Although work is still in progress to determine the reasons behind this increase, the dramatic changes to society as the result of COVID-19 may play a role. Since March 22, there has been a sustained increase in both fatal and non-fatal overdoses being reported.

“The harm reduction and treatment strategies in place since 2016 are effective at reducing overdose deaths,” says Margot Kuo, epidemiologist, overdose surveillance, BCCDC. “Any changes to those services and systems due to COVID-19, including changes to the illegal drug supply chain, make it even harder to stay safe.” 
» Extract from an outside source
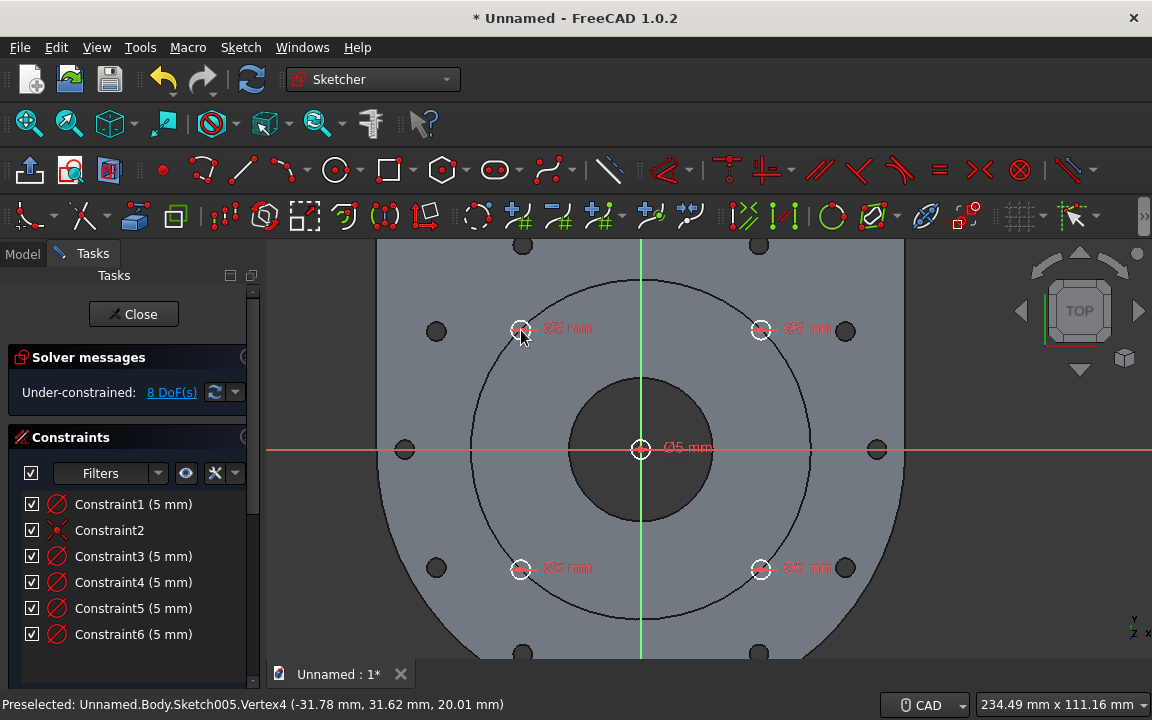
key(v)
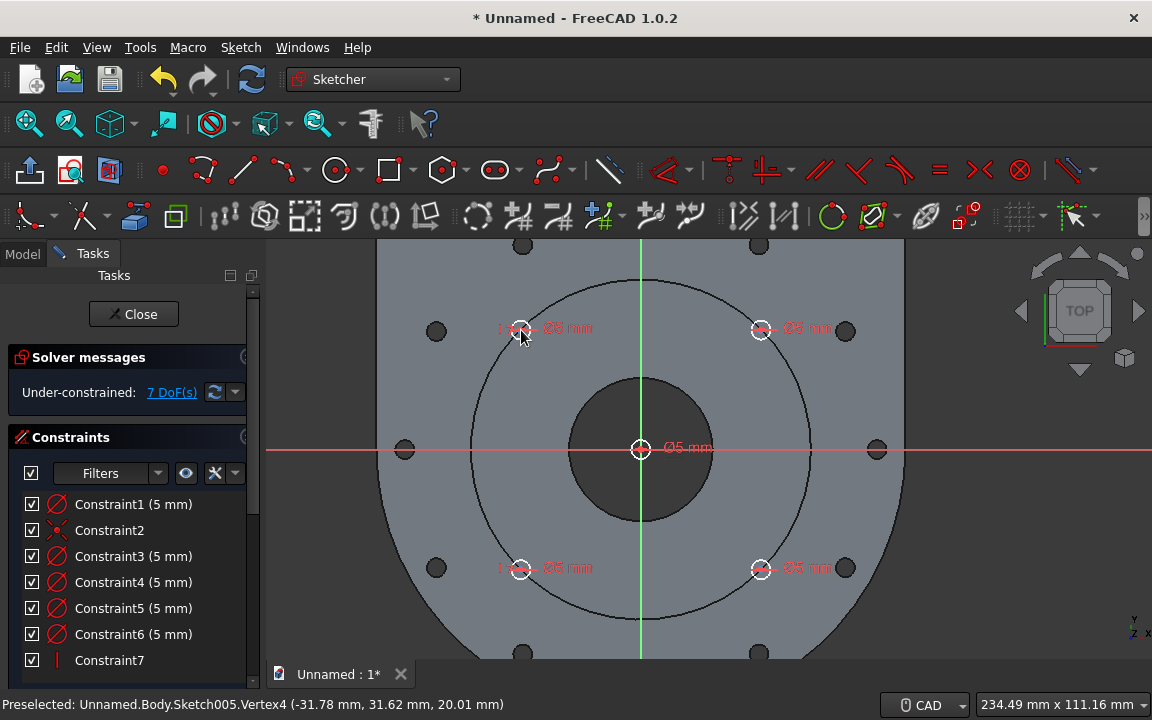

It is important to remember physical distancing does not mean social isolation. Local Overdose Prevention and Supervised Consumption services (SCS) are open, safe and here to help during COVID-19.

To address the compounded risks of COVID-19 and overdose for people who use substances, new prescribing guidelines allow access to safer alternatives.

Continuing essential social services while integrating public health principles to minimize transmission of COVID-19 
  • The Provincial Health Officer’s order of no gatherings with more than 50 people is intended to apply to one-time, entertainment, community and social events. 
  • Overdose prevention sites and supervised consumption sites are exempt from the Provincial Health Officer’s order of no gatherings, as they are clinical spaces providing essential services. Service delivery should continue as much as possible. 
Buddy up 
  • Buddy up when you are using. COVID-19 is passed by droplets. Stay 2m (6.5 ft) from your buddy to avoid passing the virus. Using with a buddy is safer than using alone.
  • Find your “buddies” who can bring you food, harm reduction supplies, medicine, and substances so that you can stay well. You can also be a buddy to those who may need extra support. Check in on your buddies regularly. 
When responding to an overdose in the communit
  • When responding to an opioid overdose there is a risk of infection, particularly if rescue breaths are given without protective equipment. This is why each Take Home Naloxone kit contains gloves and a CPR face shield. The risk of infection is low relative to the very high risk of brain injury or death during an overdose. Taking basic precautions will minimize the risk of infection of both the person who overdoses and the responder. 
  • Stimulate - put on gloves and try and rouse the person, encourage them to take big breaths. If no response: 
    • call 9-1-1
    • Administer naloxone early - if needed give two doses
    • Provide rescue breaths to restore oxygen to the brain and administer additional naloxone as needed Anyone not responding to the overdose should leave the room or immediate area 
  • When using a take home naloxone kit or facility overdose response box: 
    • Use the face shield/breathing barrier to give rescue breaths
    • Use gloves
    • The face shield has a one-way valve and large impermeable area which protects the responder from respiratory secretions. 
    • After responding dispose of the face shield before taking off the gloves and wash/clean hands thoroughly.